In deepankardatta/blandr: Bland-Altman Method Comparison

#' @title Bland-Altman statistics for R
#'
#' @description Bland-Altman analysis function for R. Package created as existing
#' functions don't suit my needs, and don't generate 95\% confidence intervals
#' for bias and limits of agreement. This base function calculates the basic
#' statistics, and generates return values which can be used in the related
#' \code{blandr.display} and \code{bland.altamn.plot} functions. However
#' the return results can be used to generate a custom chart if desired.
#'
#' @author Deepankar Datta <deepankardatta@nhs.net>
#'
#' @note The function will give similar answers when used on the original Bland-Altman PEFR data sets. They won't be exactly the same as (a) for 95\% limits of agreement I have used +/-1.96, rather than 2, and (b) the computerised calculation means that the rounding that is present in each step of the original examples does not occur. This will give a more accurate answer, although I can understand why in 1986 rounding would occur at each step for ease of calculation.
#' @note The function depends on paired values.
#' @note It currently only can currently work out fixed bias.
#' @note Improvements for the future: proportional bias charts will need further work
#'
#' @note Started 2015-11-14
#' @note Last update 2016-02-04
#' @note Originally designed for LAVAS and CVLA
#'
#' @references Based on: (1) Bland, J. M., & Altman, D. (1986). Statistical methods for assessing agreement between two methods of clinical measurement. The Lancet, 327(8476), 307-310. http://dx.doi.org/10.1016/S0140-6736(86)90837-8
#' @references Confidence interval work based on follow-up paper: (2) Altman, D. G., & Bland, J. M. (2002). Commentary on quantifying agreement between two methods of measurement. Clinical chemistry, 48(5), 801-802. http://www.clinchem.org/content/48/5/801.full.pdf
#'
#' @param x Either a formula, or a vector of numbers corresponding to the results from method 1.
#' @param y A vector of numbers corresponding to the results from method 2. Only needed if \code{X} is a vector.
#' @param sig.level (Optional) Two-tailed significance level. Expressed from 0 to 1. Defaults to 0.95.
#' @param LoA.mode (Optional) Switch to change how accurately the limits of agreement (LoA) are calculated from the bias and its standard deviation. The default is LoA.mode=1 which calculates LoA with the more accurate 1.96x multiplier. LoA.mode=2 uses the 2x multiplier which was used in the original papers. This should really be kept at default, except to double check calculations in older papers.
#' @param ... other arguments.
#'
#' @return An object of class 'blandr' is returned.
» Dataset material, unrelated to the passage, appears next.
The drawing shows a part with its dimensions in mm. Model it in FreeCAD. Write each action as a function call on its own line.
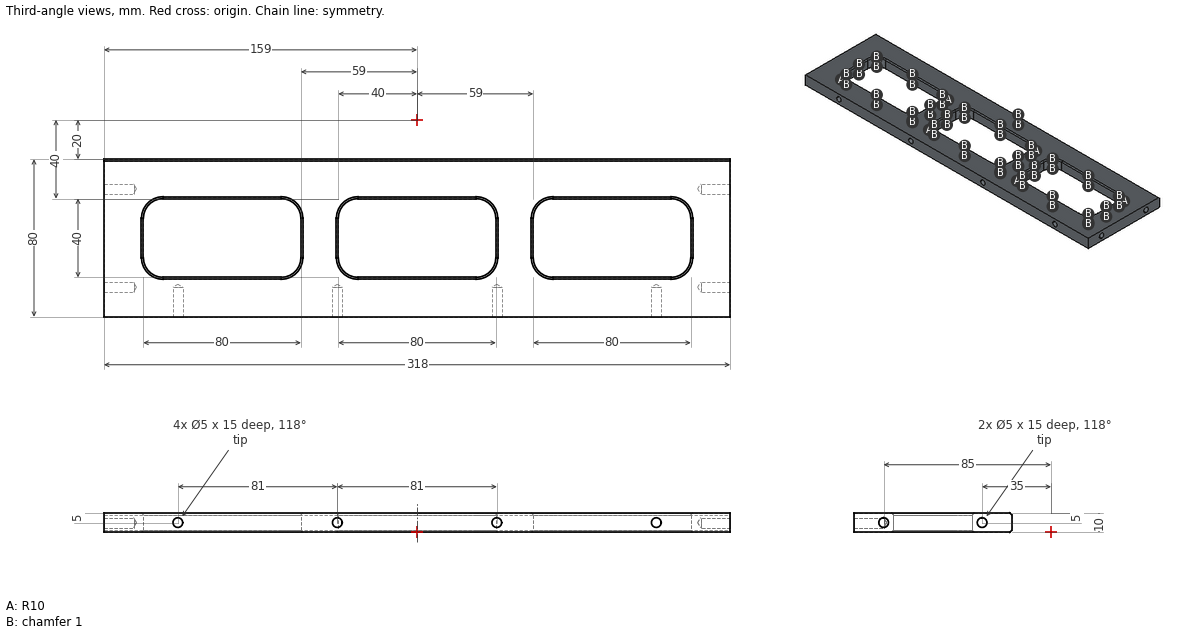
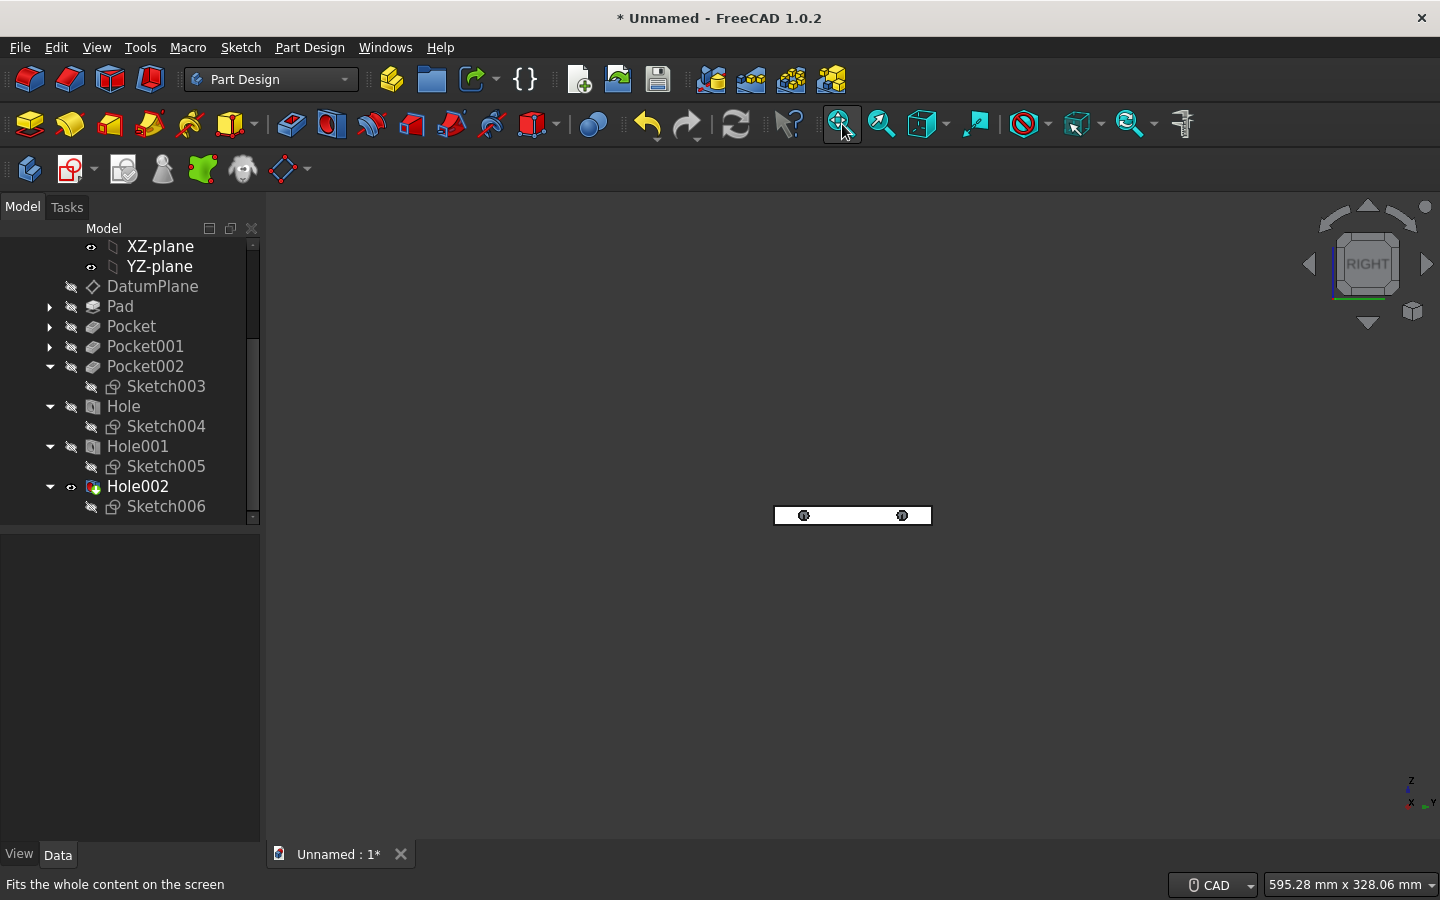
key(5)

This is a list with the following elements:
#' \item{means}{List of arithmetic mean of the two methods}
#' \item{differences}{List of differences of the two methods}
#' \item{method1}{Returns the 'method1' list in the data frame if further evaluation is needed}
#' \item{method2}{Returns the 'method2' list in the data frame if further evaluation is needed}
#' \item{sig.level}{Significance level supplied to the function}
#' \item{sig.level.convert.to.z}{Significance level convert to Z value}
#' \item{bias}{Bias of the two methods}
#' \item{biasUpperCI}{Upper confidence interval of the bias (based on significance level)}
#' \item{biasLowerCI}{Lower confidence interval of the bias (based on significance level)}
#' \item{biasStdDev}{Standard deviation for the bias}
#' \item{biasSEM}{Standard error for the bias}
#' \item{LOA_SEM}{Standard error for the limits of agreement}
#' \item{upperLOA}{Upper limit of agreement}
#' \item{upperLOA_upperCI}{Upper confidence interval of the upper limit of agreement}
#' \item{upperLOA_lowerCI}{Lower confidence interval of the upper limit of agreement}
#' \item{lowerLOA}{Lower limit of agreement}
#' \item{lowerLOA_upperCI}{Upper confidence interval of the lower limit of agreement}
#' \item{lowerLOA_lowerCI}{Lower confidence interval of the lower limit of agreement}
#' \item{proportion}{Differences/means*100}
#' \item{no.of.observations}{Number of observations}
#' \item{regression.equation}{A regression equation to help determine if there is any proportional bias}
#' \item{regression.fixed.slope}{The slope value of the regression equation}
#' \item{regression.fixed.intercept}{The intercept value of the regression equation}
#'
#' @importFrom stats coef cor lm na.omit qnorm qt sd t.test
#'
#' @include blandr.data.preparation.r
#'
#' @examples
#'
#' # Generates two random measurements
#' measurement1 <- rnorm(100)
#' measurement2 <- rnorm(100)
#'
#' # Generates Bland-Altman statistics data of the two measurements
#' blandr.statistics( measurement1 , measurement2 )
#'
#' # Generates Bland-Altman statistics data of the two measurements using the formula interface
#'
#' blandr.statistics( measurement2 ~ measurement1 )
#'
#' # Example with a real data set
#' blandr.statistics( Method.B ~ Method.A, data = giavarina.2015 )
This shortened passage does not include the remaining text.